[THE PROBLEM]: All of the data, word for word and free of pictures, is the expected result.

(Data entries)
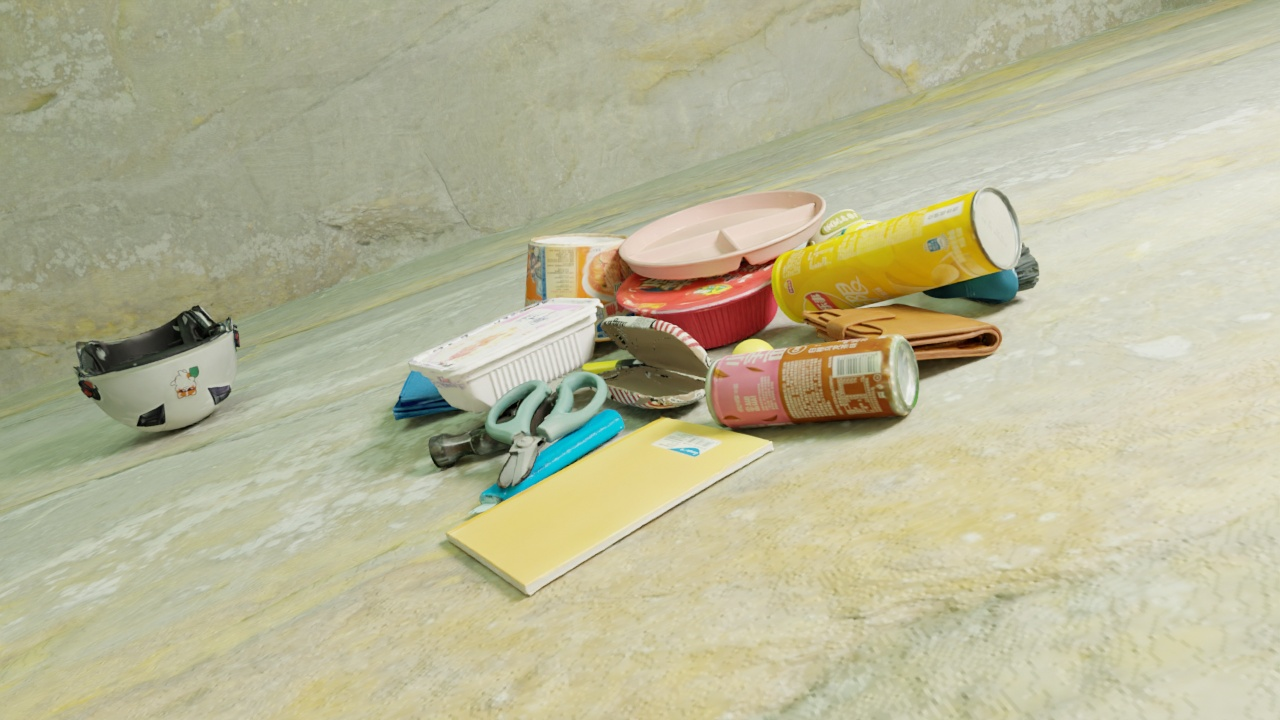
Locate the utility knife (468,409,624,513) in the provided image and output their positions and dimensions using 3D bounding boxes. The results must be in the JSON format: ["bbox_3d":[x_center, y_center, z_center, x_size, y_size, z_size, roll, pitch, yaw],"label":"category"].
[{"bbox_3d":[-0.074,0.083,0.747,0.159,0.018,0.034,-32,20,-35],"label":"utility knife"}]

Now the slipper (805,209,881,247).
[{"bbox_3d":[0.216,-0.119,0.996,0.091,0.081,0.191,-26,15,-18],"label":"slipper"}]

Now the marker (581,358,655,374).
[{"bbox_3d":[-0.006,0.005,0.942,0.124,0.015,0.018,-6,20,29],"label":"marker"}]

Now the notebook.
[{"bbox_3d":[-0.025,0.095,0.664,0.205,0.010,0.146,-27,17,-27],"label":"notebook"}]

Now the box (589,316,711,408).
[{"bbox_3d":[0.008,-0.006,0.832,0.076,0.087,0.163,-9,8,-25],"label":"box"}]

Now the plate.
[{"bbox_3d":[0.090,-0.138,1.007,0.229,0.028,0.229,-14,23,6],"label":"plate"}]

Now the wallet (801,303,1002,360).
[{"bbox_3d":[0.204,-0.024,0.739,0.107,0.031,0.132,-5,12,-14],"label":"wallet"}]

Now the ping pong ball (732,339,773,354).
[{"bbox_3d":[0.097,0.002,0.786,0.040,0.040,0.040,-17,16,5],"label":"ping pong ball"}]

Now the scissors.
[{"bbox_3d":[-0.068,0.053,0.767,0.130,0.019,0.185,-18,26,-3],"label":"scissors"}]

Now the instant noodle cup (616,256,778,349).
[{"bbox_3d":[0.075,-0.066,0.974,0.194,0.066,0.193,-15,23,6],"label":"instant noodle cup"}]

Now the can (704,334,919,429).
[{"bbox_3d":[0.124,0.017,0.671,0.148,0.058,0.057,-7,19,33],"label":"can"}]

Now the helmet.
[{"bbox_3d":[-0.725,0.029,1.406,0.229,0.157,0.274,-26,28,-35],"label":"helmet"}]

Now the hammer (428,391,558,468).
[{"bbox_3d":[-0.120,0.024,0.972,0.126,0.032,0.322,-16,15,9],"label":"hammer"}]

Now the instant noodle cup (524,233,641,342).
[{"bbox_3d":[-0.071,-0.090,1.090,0.151,0.111,0.151,-1,14,0],"label":"instant noodle cup"}]

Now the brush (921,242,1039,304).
[{"bbox_3d":[0.289,-0.080,0.825,0.073,0.055,0.144,-23,16,-7],"label":"brush"}]

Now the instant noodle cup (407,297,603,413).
[{"bbox_3d":[-0.126,-0.004,0.902,0.173,0.060,0.138,-25,16,-27],"label":"instant noodle cup"}]

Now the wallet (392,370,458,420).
[{"bbox_3d":[-0.224,0.031,1.055,0.106,0.040,0.133,-10,15,-2],"label":"wallet"}]

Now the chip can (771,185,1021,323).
[{"bbox_3d":[0.215,-0.088,0.802,0.071,0.072,0.214,-32,10,-40],"label":"chip can"}]
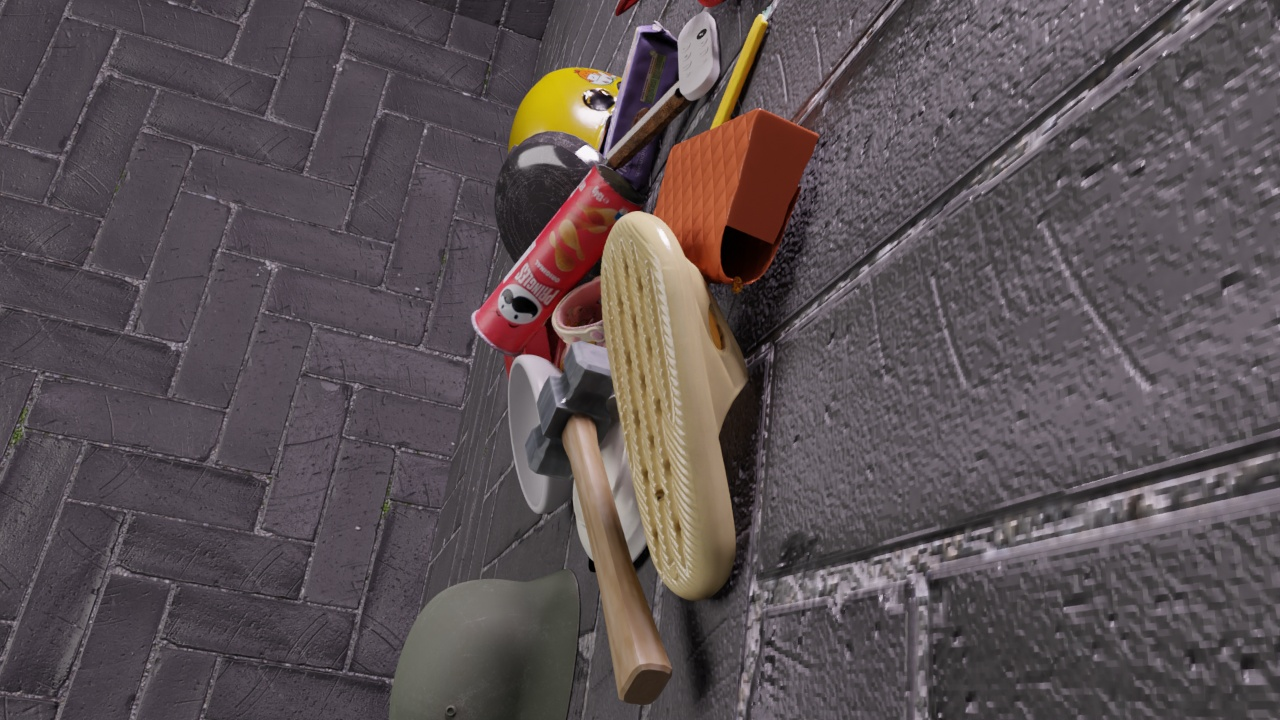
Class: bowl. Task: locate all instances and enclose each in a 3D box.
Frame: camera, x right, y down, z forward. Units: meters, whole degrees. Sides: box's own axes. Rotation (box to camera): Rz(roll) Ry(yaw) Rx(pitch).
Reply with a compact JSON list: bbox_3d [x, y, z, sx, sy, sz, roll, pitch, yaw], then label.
[{"bbox_3d":[-0.097,0.079,1.022,0.177,0.066,0.176,173,90,-71],"label":"bowl"}]

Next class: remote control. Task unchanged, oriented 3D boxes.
[{"bbox_3d":[0.057,-0.306,0.917,0.043,0.013,0.136,-33,38,31],"label":"remote control"}]

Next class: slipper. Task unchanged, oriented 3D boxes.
[{"bbox_3d":[0.035,0.023,0.608,0.111,0.079,0.261,143,120,-65],"label":"slipper"},{"bbox_3d":[-0.054,-0.046,0.997,0.198,0.081,0.093,124,157,-48],"label":"slipper"}]

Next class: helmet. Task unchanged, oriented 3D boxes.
[{"bbox_3d":[-0.109,-0.289,1.220,0.239,0.139,0.210,-66,3,-47],"label":"helmet"},{"bbox_3d":[-0.174,0.335,0.940,0.227,0.153,0.267,168,115,-74],"label":"helmet"}]

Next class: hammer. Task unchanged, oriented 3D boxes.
[{"bbox_3d":[-0.030,0.113,0.684,0.117,0.051,0.322,-63,25,24],"label":"hammer"}]

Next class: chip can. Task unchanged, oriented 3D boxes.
[{"bbox_3d":[-0.091,-0.109,1.008,0.233,0.073,0.073,-47,26,23],"label":"chip can"}]

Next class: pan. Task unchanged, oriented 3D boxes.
[{"bbox_3d":[-0.055,-0.202,1.038,0.040,0.207,0.358,-32,-4,-46],"label":"pan"}]

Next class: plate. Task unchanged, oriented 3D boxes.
[{"bbox_3d":[-0.021,0.089,0.791,0.183,0.034,0.182,-52,29,44],"label":"plate"}]

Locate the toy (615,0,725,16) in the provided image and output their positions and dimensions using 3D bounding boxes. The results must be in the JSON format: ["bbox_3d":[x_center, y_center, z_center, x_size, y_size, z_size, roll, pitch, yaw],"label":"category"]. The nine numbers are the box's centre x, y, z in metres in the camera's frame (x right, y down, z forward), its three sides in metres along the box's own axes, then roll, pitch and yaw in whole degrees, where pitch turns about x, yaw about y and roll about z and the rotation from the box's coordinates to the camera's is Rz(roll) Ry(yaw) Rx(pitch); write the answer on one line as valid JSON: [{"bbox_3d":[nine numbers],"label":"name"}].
[{"bbox_3d":[0.048,-0.391,0.853,0.158,0.120,0.197,-39,4,-2],"label":"toy"}]

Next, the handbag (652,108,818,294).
[{"bbox_3d":[0.058,-0.103,0.655,0.172,0.060,0.109,-164,93,-73],"label":"handbag"}]

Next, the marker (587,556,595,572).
[{"bbox_3d":[-0.028,0.129,0.853,0.022,0.016,0.138,14,89,58],"label":"marker"}]

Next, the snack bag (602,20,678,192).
[{"bbox_3d":[-0.001,-0.285,1.068,0.096,0.058,0.206,-97,21,-64],"label":"snack bag"}]

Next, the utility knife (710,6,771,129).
[{"bbox_3d":[0.079,-0.227,0.789,0.030,0.017,0.156,-112,37,-59],"label":"utility knife"}]

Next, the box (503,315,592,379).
[{"bbox_3d":[-0.108,-0.013,1.173,0.157,0.122,0.136,-175,81,-72],"label":"box"}]
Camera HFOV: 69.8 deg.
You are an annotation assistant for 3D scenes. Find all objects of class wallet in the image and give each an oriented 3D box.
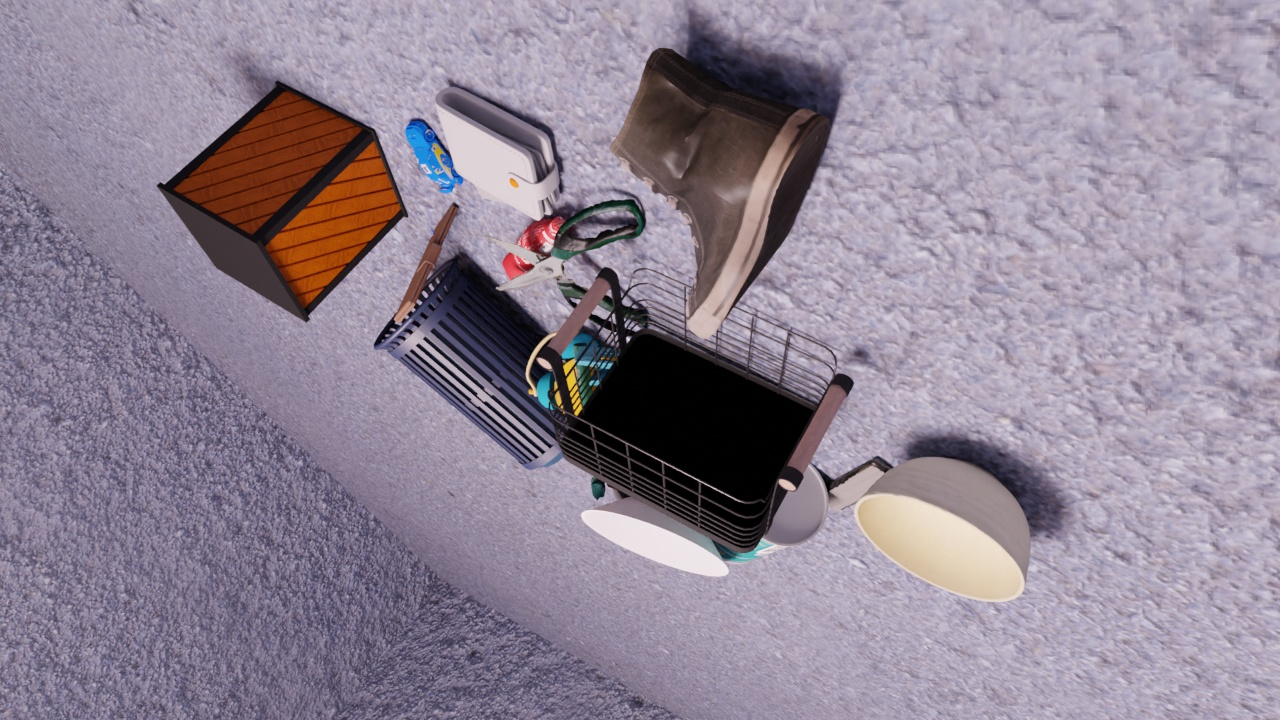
[{"bbox_3d":[-0.124,-0.172,0.818,0.118,0.037,0.115,32,156,19],"label":"wallet"},{"bbox_3d":[-0.230,-0.102,0.987,0.013,0.120,0.088,26,160,-18],"label":"wallet"}]

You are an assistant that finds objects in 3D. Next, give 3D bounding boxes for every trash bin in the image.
[{"bbox_3d":[-0.177,0.013,1.102,0.249,0.139,0.139,43,155,-19],"label":"trash bin"},{"bbox_3d":[-0.376,-0.171,0.990,0.140,0.171,0.140,29,155,17],"label":"trash bin"}]

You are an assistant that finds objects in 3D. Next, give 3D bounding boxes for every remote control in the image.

[RESPONSE AREA]:
Locate the utility knife (468,409,624,513) in the provided image and output their positions and dimensions using 3D bounding boxes. The results must be in the JSON format: ["bbox_3d":[x_center, y_center, z_center, x_size, y_size, z_size, roll, pitch, yaw],"label":"category"].
[{"bbox_3d":[-0.074,0.083,0.747,0.159,0.018,0.034,-32,20,-35],"label":"utility knife"}]

Now the slipper (805,209,881,247).
[{"bbox_3d":[0.216,-0.119,0.996,0.091,0.081,0.191,-26,15,-18],"label":"slipper"}]

Now the marker (581,358,655,374).
[{"bbox_3d":[-0.006,0.005,0.942,0.124,0.015,0.018,-6,20,29],"label":"marker"}]

Now the notebook.
[{"bbox_3d":[-0.025,0.095,0.664,0.205,0.010,0.146,-27,17,-27],"label":"notebook"}]

Now the box (589,316,711,408).
[{"bbox_3d":[0.008,-0.006,0.832,0.076,0.087,0.163,-9,8,-25],"label":"box"}]

Now the plate.
[{"bbox_3d":[0.090,-0.138,1.007,0.229,0.028,0.229,-14,23,6],"label":"plate"}]

Now the wallet (801,303,1002,360).
[{"bbox_3d":[0.204,-0.024,0.739,0.107,0.031,0.132,-5,12,-14],"label":"wallet"}]

Now the ping pong ball (732,339,773,354).
[{"bbox_3d":[0.097,0.002,0.786,0.040,0.040,0.040,-17,16,5],"label":"ping pong ball"}]

Now the scissors.
[{"bbox_3d":[-0.068,0.053,0.767,0.130,0.019,0.185,-18,26,-3],"label":"scissors"}]

Now the instant noodle cup (616,256,778,349).
[{"bbox_3d":[0.075,-0.066,0.974,0.194,0.066,0.193,-15,23,6],"label":"instant noodle cup"}]

Now the can (704,334,919,429).
[{"bbox_3d":[0.124,0.017,0.671,0.148,0.058,0.057,-7,19,33],"label":"can"}]

Now the helmet.
[{"bbox_3d":[-0.725,0.029,1.406,0.229,0.157,0.274,-26,28,-35],"label":"helmet"}]

Now the hammer (428,391,558,468).
[{"bbox_3d":[-0.120,0.024,0.972,0.126,0.032,0.322,-16,15,9],"label":"hammer"}]

Now the instant noodle cup (524,233,641,342).
[{"bbox_3d":[-0.071,-0.090,1.090,0.151,0.111,0.151,-1,14,0],"label":"instant noodle cup"}]

Now the brush (921,242,1039,304).
[{"bbox_3d":[0.289,-0.080,0.825,0.073,0.055,0.144,-23,16,-7],"label":"brush"}]

Now the instant noodle cup (407,297,603,413).
[{"bbox_3d":[-0.126,-0.004,0.902,0.173,0.060,0.138,-25,16,-27],"label":"instant noodle cup"}]

Now the wallet (392,370,458,420).
[{"bbox_3d":[-0.224,0.031,1.055,0.106,0.040,0.133,-10,15,-2],"label":"wallet"}]

Now the chip can (771,185,1021,323).
[{"bbox_3d":[0.215,-0.088,0.802,0.071,0.072,0.214,-32,10,-40],"label":"chip can"}]
Class: bowl. Task: locate all instances and enclose each in a 3D box.
Frame: camera, x right, y down, z forward. Units: meters, whole degrees. Sides: box's own axes. Rotation (box to camera): Rz(roll) Ry(yaw) Rx(pitch).
Reply with a compact JSON list: bbox_3d [x, y, z, sx, sy, sz, roll, pitch, yaw], then label.
[{"bbox_3d":[-0.097,0.079,1.022,0.177,0.066,0.176,173,90,-71],"label":"bowl"}]

Next class: remote control. Task unchanged, oriented 3D boxes.
[{"bbox_3d":[0.057,-0.306,0.917,0.043,0.013,0.136,-33,38,31],"label":"remote control"}]

Next class: slipper. Task unchanged, oriented 3D boxes.
[{"bbox_3d":[0.035,0.023,0.608,0.111,0.079,0.261,143,120,-65],"label":"slipper"},{"bbox_3d":[-0.054,-0.046,0.997,0.198,0.081,0.093,124,157,-48],"label":"slipper"}]

Next class: helmet. Task unchanged, oriented 3D boxes.
[{"bbox_3d":[-0.109,-0.289,1.220,0.239,0.139,0.210,-66,3,-47],"label":"helmet"},{"bbox_3d":[-0.174,0.335,0.940,0.227,0.153,0.267,168,115,-74],"label":"helmet"}]

Next class: hammer. Task unchanged, oriented 3D boxes.
[{"bbox_3d":[-0.030,0.113,0.684,0.117,0.051,0.322,-63,25,24],"label":"hammer"}]

Next class: chip can. Task unchanged, oriented 3D boxes.
[{"bbox_3d":[-0.091,-0.109,1.008,0.233,0.073,0.073,-47,26,23],"label":"chip can"}]

Next class: pan. Task unchanged, oriented 3D boxes.
[{"bbox_3d":[-0.055,-0.202,1.038,0.040,0.207,0.358,-32,-4,-46],"label":"pan"}]

Next class: plate. Task unchanged, oriented 3D boxes.
[{"bbox_3d":[-0.021,0.089,0.791,0.183,0.034,0.182,-52,29,44],"label":"plate"}]

Locate the toy (615,0,725,16) in the provided image and output their positions and dimensions using 3D bounding boxes. The results must be in the JSON format: ["bbox_3d":[x_center, y_center, z_center, x_size, y_size, z_size, roll, pitch, yaw],"label":"category"]. The nine numbers are the box's centre x, y, z in metres in the camera's frame (x right, y down, z forward), its three sides in metres along the box's own axes, then roll, pitch and yaw in whole degrees, where pitch turns about x, yaw about y and roll about z and the rotation from the box's coordinates to the camera's is Rz(roll) Ry(yaw) Rx(pitch); write the answer on one line as valid JSON: [{"bbox_3d":[nine numbers],"label":"name"}].
[{"bbox_3d":[0.048,-0.391,0.853,0.158,0.120,0.197,-39,4,-2],"label":"toy"}]

Next, the handbag (652,108,818,294).
[{"bbox_3d":[0.058,-0.103,0.655,0.172,0.060,0.109,-164,93,-73],"label":"handbag"}]

Next, the marker (587,556,595,572).
[{"bbox_3d":[-0.028,0.129,0.853,0.022,0.016,0.138,14,89,58],"label":"marker"}]

Next, the snack bag (602,20,678,192).
[{"bbox_3d":[-0.001,-0.285,1.068,0.096,0.058,0.206,-97,21,-64],"label":"snack bag"}]

Next, the utility knife (710,6,771,129).
[{"bbox_3d":[0.079,-0.227,0.789,0.030,0.017,0.156,-112,37,-59],"label":"utility knife"}]

Next, the box (503,315,592,379).
[{"bbox_3d":[-0.108,-0.013,1.173,0.157,0.122,0.136,-175,81,-72],"label":"box"}]
Camera HFOV: 69.8 deg.
You are an annotation assistant for 3D scenes. Find all objects of class wallet in the image and give each an oriented 3D box.
[{"bbox_3d":[-0.124,-0.172,0.818,0.118,0.037,0.115,32,156,19],"label":"wallet"},{"bbox_3d":[-0.230,-0.102,0.987,0.013,0.120,0.088,26,160,-18],"label":"wallet"}]

You are an assistant that finds objects in 3D. Next, give 3D bounding boxes for every trash bin in the image.
[{"bbox_3d":[-0.177,0.013,1.102,0.249,0.139,0.139,43,155,-19],"label":"trash bin"},{"bbox_3d":[-0.376,-0.171,0.990,0.140,0.171,0.140,29,155,17],"label":"trash bin"}]

You are an assistant that finds objects in 3D. Next, give 3D bounding boxes for every remote control in the image.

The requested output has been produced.